Sumselnews.co.id|Muba-Banyaknya kondisi kerusakan yang terjadi di rumah susun (rusunawa) yang berlokasi di Jalan Kolonel H. Nazom Nurhawi Belakang terminal Randik Kelurahan Kayuare Kecamatan Sekayu Kabupaten Musi Banyuasin.
Tahun depan, Pemerintah kabupaten Musi Banyuasin melalui Dinas Perumahan dan Kawasan Pemukiman (PU Perkim) kabupaten Musi Banyuasin, akan melakuakan perbaiakan dan merenovasi kondisi bagian-bagian kerusakan yang ada
di rusunawa.
Kepala dinas PU perkim Muba Rismawati Gathmyr, M.Eng melaui plt Kabid Perumahan Sudirnata Jayasana mengatakan tahun 2023 pihaknya akan membenahi kerusakan bagian -bagian banguan di rusunawa, saat ini pihaknya tengah menghitung bagain kerusakan yang akan diperbaiki.
“Akan kita perbaiki kerusakan yang ada dan sudah kita anggarakan di tahun 2023 sebesar 1 milyar,”ungkap Nata kepada awak media kemarin.
Dikatakanya, pihaknya sudah memproteksi pemasangan- pemasangan yang ada di rusunawa, kerusakan-kerusakan yang ada seperti bagian plafon itu, diakibatkan karean adanya kebocoran pipa-pila efersi.
Lanjutnya, nantinya anggaran yang sudah dialokasikan, digunakan untuk perbaikan instalasi pipa efersi, instalasi listrik, plafon dan kerusakan lain lain seperi pintu dan lainya,”,terangnya.
“setelah dilakukan perbaikan kemungkinan untuk pengelolaan rusunawa sendiri akan di BUMD kan,”imbuhnya.
Sekedar informasi, Sebelumnya, Ketua Komisi III DPRD Feri Yusmadi, SE bersama Anggota Komisi III DPRD Sodingun, SH dan Damsih, SH bersama Dinas PU Perkim Kabupaten Muba melakukan Monitoring atau Survey ke Lapangan melihat langsung kondisi rumah susun (Rusunawa ) yang dibangun oleh Balai Balai Pelaksanaan Penyediaan Perumahan Sumatera V Sumsel diperuntukan bagi ASN di Musi Banyuasin.
Dari Kondisi kerusakan rusunawa yang ada saat ini, kerusakan terjadi pada bagian plafon lantai dinding serta bagian-bagian lainnya.
Gedung rusunawa sendiri dibangun sejak tahun 2018. Pemerintah Kabupaten Musi Banyuasin (Muba), melalui dinas perkim akan merealisasikan pembangunan 1000 rumah dimana di Muba sendiri akan dibangun satu blok rumah susun sederhana sewa (Rusunawa).
Tahap awal rusun akan dibangun empat lantai tersebut diperuntukkan bagi Aparatur Sipil Negara (ASN) yang belum memiliki rumah.

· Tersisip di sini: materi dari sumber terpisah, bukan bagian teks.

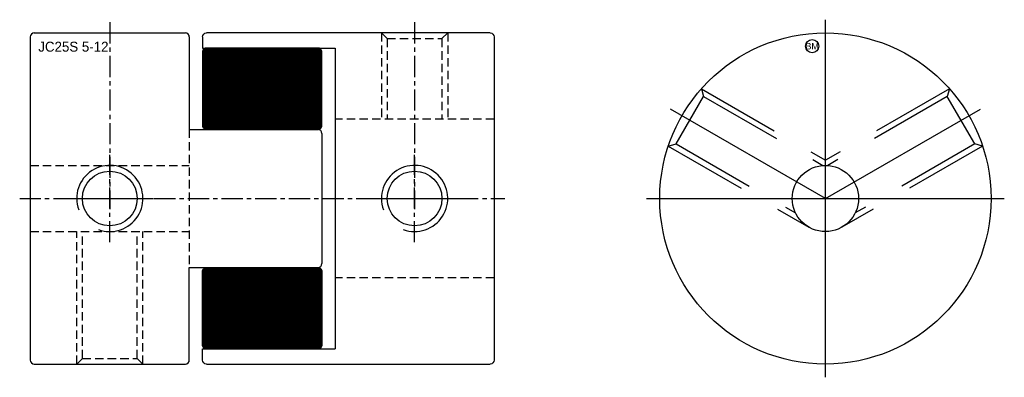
# Model space of a CAD drawing. Extents: x -12.8 to 61.5, y -13.5 to 13.5.
import ezdxf
from ezdxf.enums import TextEntityAlignment as Align

# ---------------------------------------------------------------- set-up
doc = ezdxf.new("R2010")
doc.units = 0
doc.header["$MEASUREMENT"] = 0
doc.linetypes.add('CENTER', pattern=[50.8, 31.75, -6.35, 6.35, -6.35])
doc.linetypes.add('HIDDEN', pattern=[9.525, 6.35, -3.175])
doc.layers.get('0').update_dxf_attribs({"linetype": 'CONTINUOUS'})
for name, color, linetype in [('BOM', 6, 'CONTINUOUS'), ('CENTER', 1, 'CENTER'), ('HIDDEN', 2, 'HIDDEN'), ('THIN', 3, 'CONTINUOUS')]:
    doc.layers.add(name, color=color, linetype=linetype)

# ---------------------------------------------------------------- blocks, each defined once
blk = doc.blocks.new('MCLBM2')
blk.add_circle((0, 0), 0.5)
blk.add_text('BM', height=0.5).set_placement((0, 0), align=Align.MIDDLE)
at = {"flags": 1}
for tag, p in [('NAME', (0, -1)), ('ENAME', (0, -2)), ('SPEC', (0, -3)), ('MATERIAL', (0, -4)), ('QTY', (0, -5)), ('WEIGHT', (0, -6)), ('PRICE', (0, -7)), ('REMARK', (0, -8)), ('USER1', (0, -9)), ('USER2', (0, -10)), ('USER3', (0, -11)), ('USER4', (0, -12)), ('USER5', (0, -13)), ('USER6', (0, -14))]:
    blk.add_attdef(tag, p, '', height=0.5, dxfattribs=at)

msp = doc.modelspace()

# ---------------------------------------------------------------- hatches: boundary and pattern name
at = {"layer": 'THIN'}
h = msp.add_hatch(dxfattribs=at)
h.set_pattern_fill('ANSI37', color=256, scale=0.1, style=0)
h.set_pattern_definition([(45, (1.419458, 1.035035), (-0.008838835, 0.008838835), []), (135, (1.419458, 1.035035), (-0.008838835, -0.008838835), [])])
edge = h.paths.add_edge_path()
edge.add_line((1.3, 5.21), (9.7, 5.21))
edge.add_arc((9.7, 5.51), 0.3, 270, 360)
edge.add_line((10, 5.51), (10, 11.062))
edge.add_arc((9.7, 11.062), 0.3, 0, 90)
edge.add_line((9.7, 11.362), (1.3, 11.362))
edge.add_arc((1.3, 11.062), 0.3, 90, 180)
edge.add_line((1, 11.062), (1, 5.51))
edge.add_arc((1.3, 5.51), 0.3, 180, 270)
at = {"layer": 'THIN', "extrusion": (-2.99932e-32, -1.22461e-16, -1)}
h = msp.add_hatch(dxfattribs=at)
h.set_pattern_fill('ANSI37', color=256, scale=0.1, angle=180, style=0)
h.set_pattern_definition([(225, (-1.419458, -1.035035), (0.008838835, -0.008838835), []), (315, (-1.419458, -1.035035), (0.008838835, 0.008838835), [])])
edge = h.paths.add_edge_path()
edge.add_line((-1.3, -5.21), (-9.7, -5.21))
edge.add_arc((-9.7, -5.51), 0.3, 450, 540)
edge.add_line((-10, -5.51), (-10, -11.062))
edge.add_arc((-9.7, -11.062), 0.3, 180, 270)
edge.add_line((-9.7, -11.362), (-1.3, -11.362))
edge.add_arc((-1.3, -11.062), 0.3, 270, 360)
edge.add_line((-1, -11.062), (-1, -5.51))
edge.add_arc((-1.3, -5.51), 0.3, 360, 450)

# ---------------------------------------------------------------- linework, layer by layer
at = {"ltscale": 0.1}
for p, q in [((-12, 12.2), (-12, -12.2)), ((-11.7, 12.5), (-0.3, 12.5)), ((0, 12.2), (0, 5.21)), ((0, 5.21), (9.7, 5.21)), ((10, 4.91), (10, -4.91)), ((0, -5.21), (9.7, -5.21)), ((0, -12.2), (0, -5.21)), ((-11.7, -12.5), (-0.3, -12.5))]:
    msp.add_line(p, q, dxfattribs=at)
at = {"ltscale": 0.1, "extrusion": (1.22461e-16, -2.99932e-32, -1)}
for p, q in [((1, 12.2), (1, 11.362)), ((22.7, 12.5), (1.3, 12.5)), ((23, 12.2), (23, -12.2)), ((1, 11.362), (11, 11.362)), ((11, 11.362), (11, -11.362)), ((1, -11.362), (11, -11.362)), ((1, -12.2), (1, -11.362)), ((1.3, -12.5), (22.7, -12.5))]:
    msp.add_line(p, q, dxfattribs=at)
at = {"ltscale": 0.1}
msp.add_lwpolyline([(1.3, 5.21), (9.7, 5.21, 0.414214), (10, 5.51), (10, 11.062, 0.414214), (9.7, 11.362), (1.3, 11.362, 0.414214), (1, 11.062), (1, 5.51, 0.414214)], format="xyb", close=True, dxfattribs=at)
at = {"ltscale": 0.1, "extrusion": (-2.99932e-32, -1.22461e-16, -1)}
msp.add_lwpolyline([(-1.3, -5.21), (-9.7, -5.21, 0.414214), (-10, -5.51), (-10, -11.062, 0.414214), (-9.7, -11.362), (-1.3, -11.362, 0.414214), (-1, -11.062), (-1, -5.51, 0.414214)], format="xyb", close=True, dxfattribs=at)
for radius in [12.5, 2.5]:
    msp.add_circle((48, 0), radius)
at = {"ltscale": 0.1}
for centre in [(-6, 0), (17, 0)]:
    msp.add_circle(centre, 2.067, dxfattribs=at)
for centre, start, end in [((-11.7, 12.2), 90, 180), ((-0.3, 12.2), 0, 90), ((9.7, 4.91), 0, 90), ((9.7, -4.91), 270, 0), ((-11.7, -12.2), 180, 270), ((-0.3, -12.2), 270, 0)]:
    msp.add_arc(centre, 0.3, start, end, dxfattribs=at)
at = {"ltscale": 0.1, "extrusion": (1.22461e-16, -2.99932e-32, -1)}
for centre, start, end in [((-1.3, 12.2), 0, 90), ((-22.7, 12.2), 90, 180), ((-22.7, 12.2), 90, 180), ((-1.3, -12.2), 270, 0), ((-22.7, -12.2), 180, 270)]:
    msp.add_arc(centre, 0.3, start, end, dxfattribs=at)
at = {"layer": 'CENTER'}
for p, q in [((48, -13.5), (48, 13.5)), ((48, 0), (36.309, 6.75)), ((34.5, 0), (61.5, 0))]:
    msp.add_line(p, q, dxfattribs=at)
at = {"layer": 'CENTER', "ltscale": 0.05}
for p, q in [((-6, 13.3), (-6, -0.8)), ((17, 13.3), (17, -0.8)), ((-6, -3.3), (-6, 3.3)), ((17, -3.3), (17, 3.3)), ((-12.8, 0), (23.8, 0)), ((-9.3, 0), (-2.7, 0)), ((13.7, 0), (20.3, 0))]:
    msp.add_line(p, q, dxfattribs=at)
at = {"layer": 'CENTER', "extrusion": (1.22461e-16, -2.99932e-32, -1)}
msp.add_line((48, 0), (59.691, 6.75), dxfattribs=at)
at = {"layer": 'HIDDEN', "ltscale": 0.1}
for p, q in [((14.5, 12.5), (14.5, 6)), ((14.5, 12.5), (14.933, 12.067)), ((14.933, 12.067), (14.933, 6)), ((14.933, 12.067), (19.067, 12.067)), ((19.5, 12.5), (19.067, 12.067)), ((19.067, 12.067), (19.067, 6)), ((19.5, 12.5), (19.5, 6)), ((23, 6), (11, 6)), ((0, 5.21), (0, -5.21)), ((-12, 2.5), (0, 2.5))]:
    msp.add_line(p, q, dxfattribs=at)
at = {"layer": 'HIDDEN'}
for p, q in [((38.643, 8.289), (48, 2.887)), ((38.643, 8.289), (38.802, 7.697)), ((36.735, 4.117), (38.802, 7.697)), ((38.802, 7.697), (47.816, 2.493)), ((36.143, 3.959), (36.735, 4.117)), ((36.143, 3.959), (46.75, -2.165)), ((36.735, 4.117), (45.749, -1.087))]:
    msp.add_line(p, q, dxfattribs=at)
at = {"layer": 'HIDDEN', "extrusion": (1.22461e-16, -2.99932e-32, -1)}
for p, q in [((57.357, 8.289), (48, 2.887)), ((57.357, 8.289), (57.198, 7.697)), ((57.198, 7.697), (48.184, 2.493)), ((59.265, 4.117), (57.198, 7.697)), ((59.857, 3.959), (49.25, -2.165)), ((59.265, 4.117), (50.251, -1.087)), ((59.857, 3.959), (59.265, 4.117))]:
    msp.add_line(p, q, dxfattribs=at)
at = {"layer": 'HIDDEN', "ltscale": 0.1, "extrusion": (-2.99932e-32, -1.22461e-16, -1)}
for p, q in [((-12, -2.5), (0, -2.5)), ((-8.5, -12.5), (-8.5, -2.5)), ((-8.067, -12.067), (-8.067, -2.5)), ((-3.933, -12.067), (-3.933, -2.5)), ((-3.5, -12.5), (-3.5, -2.5)), ((23, -6), (11, -6)), ((-8.5, -12.5), (-8.067, -12.067)), ((-8.067, -12.067), (-3.933, -12.067)), ((-3.5, -12.5), (-3.933, -12.067))]:
    msp.add_line(p, q, dxfattribs=at)
at = {"layer": 'THIN', "ltscale": 0.1}
for centre in [(-6, 0), (17, 0)]:
    msp.add_arc(centre, 2.5, 250, 200, dxfattribs=at)

# ---------------------------------------------------------------- block references
at = {"layer": 'BOM'}
msp.add_blockref('MCLBM2', (47, 11.5), dxfattribs=at)

# ---------------------------------------------------------------- texts
msp.add_text('JC25S 5-12', height=0.75).set_placement((-11.395, 11.086))

doc.saveas('drawing.dxf')
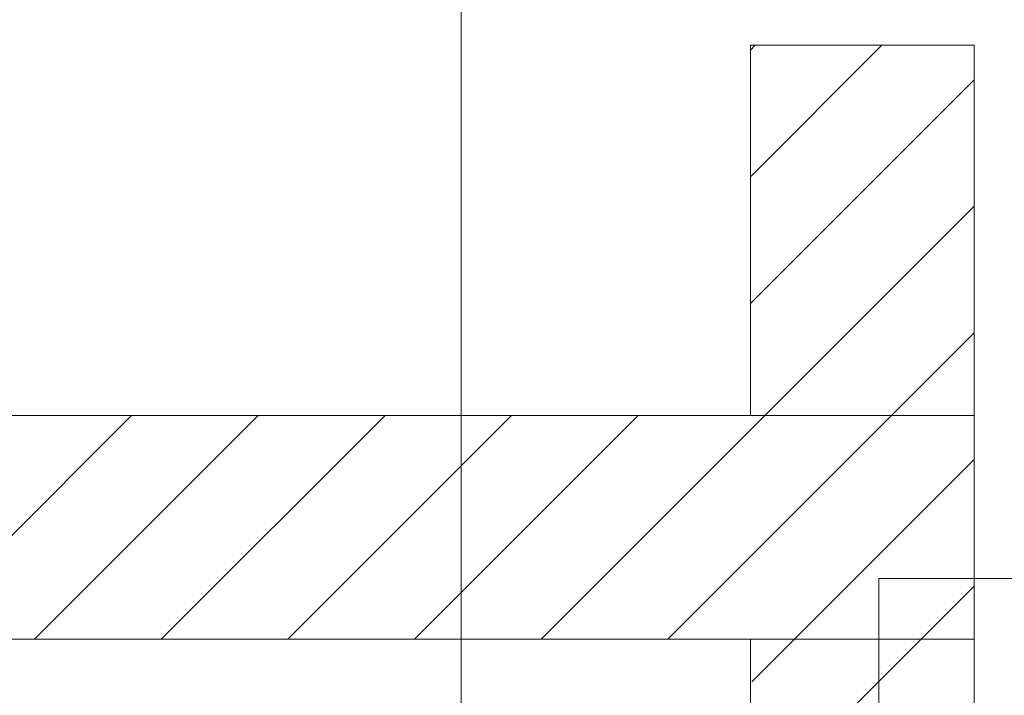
# Model space of a CAD drawing. Extents: x -620 to 300, y 62 to 1107.
# Tile 250 of 256: x 185 to 196, y 856 to 864. Entities that reach past the tile are written whole.
import ezdxf
from ezdxf.lldxf.tags import DXFTag

# ---------------------------------------------------------------- set-up
doc = ezdxf.new("R2010")
doc.units = 0
doc.layers.get('0').update_dxf_attribs({"lineweight": 35})
doc.layers.add('E_Detail_Beschriftung', color=7, linetype='Continuous', lineweight=13, true_color=0x009900)
doc.layers.add('E_Detail_Wandschraffur', color=7, linetype='Continuous', lineweight=5, true_color=0xc0c0c0)
doc.layers.add('E_Detail_Linie_Text_Bem', color=7, linetype='Continuous', lineweight=13)
doc.styles.get("Standard").update_dxf_attribs({"font": 'ARIALN.TTF'})
tags = doc.linetypes.add('fein_strichliert', pattern=[4, 1, -2, 1]).pattern_tags.tags
tags[8:9] = [DXFTag(74, 4), DXFTag(75, 0), DXFTag(340, '0'), DXFTag(46, 0.0), DXFTag(50, 0.0), DXFTag(44, 0.0), DXFTag(45, 0.0)]
tags[6:7] = [DXFTag(74, 4), DXFTag(75, 0), DXFTag(340, '0'), DXFTag(46, 0.0), DXFTag(50, 0.0), DXFTag(44, 0.0), DXFTag(45, 0.0)]
tags[4:5] = [DXFTag(74, 4), DXFTag(75, 0), DXFTag(340, '0'), DXFTag(46, 0.0), DXFTag(50, 0.0), DXFTag(44, 0.0), DXFTag(45, 0.0)]
tags = doc.linetypes.add('fein_strichliert-A06G9GDB8I', pattern=[4, 1, -2, 1]).pattern_tags.tags
tags[8:9] = [DXFTag(74, 4), DXFTag(75, 0), DXFTag(340, '0'), DXFTag(46, 0.0), DXFTag(50, 0.0), DXFTag(44, 0.0), DXFTag(45, 0.0)]
tags[6:7] = [DXFTag(74, 4), DXFTag(75, 0), DXFTag(340, '0'), DXFTag(46, 0.0), DXFTag(50, 0.0), DXFTag(44, 0.0), DXFTag(45, 0.0)]
tags[4:5] = [DXFTag(74, 4), DXFTag(75, 0), DXFTag(340, '0'), DXFTag(46, 0.0), DXFTag(50, 0.0), DXFTag(44, 0.0), DXFTag(45, 0.0)]

# ---------------------------------------------------------------- blocks, each defined once
blk = doc.blocks.new('Referenz-A06G9GDJ8I')
at = {"layer": 'E_Detail_Linie_Text_Bem', "linetype": 'fein_strichliert-A06G9GDB8I', "ltscale": 0.65}
blk.add_line((189.436, 815.97), (189.436, 868.849), dxfattribs=at)
at = {"layer": 'E_Detail_Linie_Text_Bem', "linetype": 'Continuous', "ltscale": 0.13}
for p, q in [((192.665, 863.413), (195.165, 863.413)), ((192.665, 859.278), (192.665, 863.413)), ((195.165, 863.413), (195.165, 859.278)), ((195.165, 859.278), (143.838, 859.278)), ((195.165, 859.278), (192.665, 859.278)), ((195.165, 856.778), (195.165, 859.278)), ((143.838, 856.778), (192.665, 856.778)), ((154.23, 856.778), (195.165, 856.778)), ((192.665, 856.778), (195.165, 856.778)), ((192.665, 844.978), (192.665, 856.778)), ((195.165, 856.778), (195.165, 816.778))]:
    blk.add_line(p, q, dxfattribs=at)
at = {"layer": 'E_Detail_Linie_Text_Bem', "color": 0, "linetype": 'Continuous', "ltscale": 0.13}
for p, q in [((194.101, 855.809), (194.101, 857.457)), ((194.101, 857.457), (196.362, 857.457))]:
    blk.add_line(p, q, dxfattribs=at)
at = {"layer": 'E_Detail_Wandschraffur', "linetype": 'fein_strichliert', "ltscale": 0.13}
for p, q in [((192.665, 861.943), (194.134, 863.413)), ((192.828, 859.278), (195.165, 861.615)), ((184.671, 856.778), (187.171, 859.278)), ((187.5, 856.778), (190, 859.278)), ((190.328, 856.778), (192.828, 859.278)), ((193.157, 856.778), (195.165, 858.786)), ((192.68, 856.302), (193.157, 856.778))]:
    blk.add_line(p, q, dxfattribs=at)
at = {"layer": 'E_Detail_Wandschraffur', "linetype": 'ByBlock', "ltscale": 0.13}
for p, q in [((192.665, 863.357), (192.72, 863.413)), ((192.665, 860.529), (195.165, 863.029)), ((194.242, 859.278), (195.165, 860.2)), ((183.257, 856.778), (185.757, 859.278)), ((186.086, 856.778), (188.586, 859.278)), ((188.914, 856.778), (191.414, 859.278)), ((191.742, 856.778), (194.242, 859.278)), ((194.571, 856.778), (195.165, 857.372)), ((193.746, 855.953), (194.571, 856.778))]:
    blk.add_line(p, q, dxfattribs=at)
at = {"layer": 'E_Detail_Beschriftung', "linetype": 'Continuous', "ltscale": 0.13, "insert": (190.217, 848.623), "char_height": 1.4, "attachment_point": 1, "rotation": 90}
blk.add_mtext('{\\fArial Narrow;Endtüllen}', dxfattribs=at)

msp = doc.modelspace()

# ---------------------------------------------------------------- block references
at = {"color": 8, "lineweight": 25, "ltscale": 0.25, "true_color": 0x808080}
msp.add_blockref('Referenz-A06G9GDJ8I', (0, 0), dxfattribs=at)

doc.saveas('drawing.dxf')

Banguan rusunawa sendiri memiliki dua type yakni type 36 dengan unit sebanyak 58 unit.
Dimana sebelumya, gedung rusunawa ini dijadikan lokasi tempat pasien covid isolasi, paska setelah dijadikan rumah isolasi kondisi rusunawa sangat memprihatinkan, tak hanya bagian dalam gedung yang banyak rusak bahkan barang -barang yang dulunya ada seperti kasur dan barang lainya sudah tidak terlihat lagi dan hancur.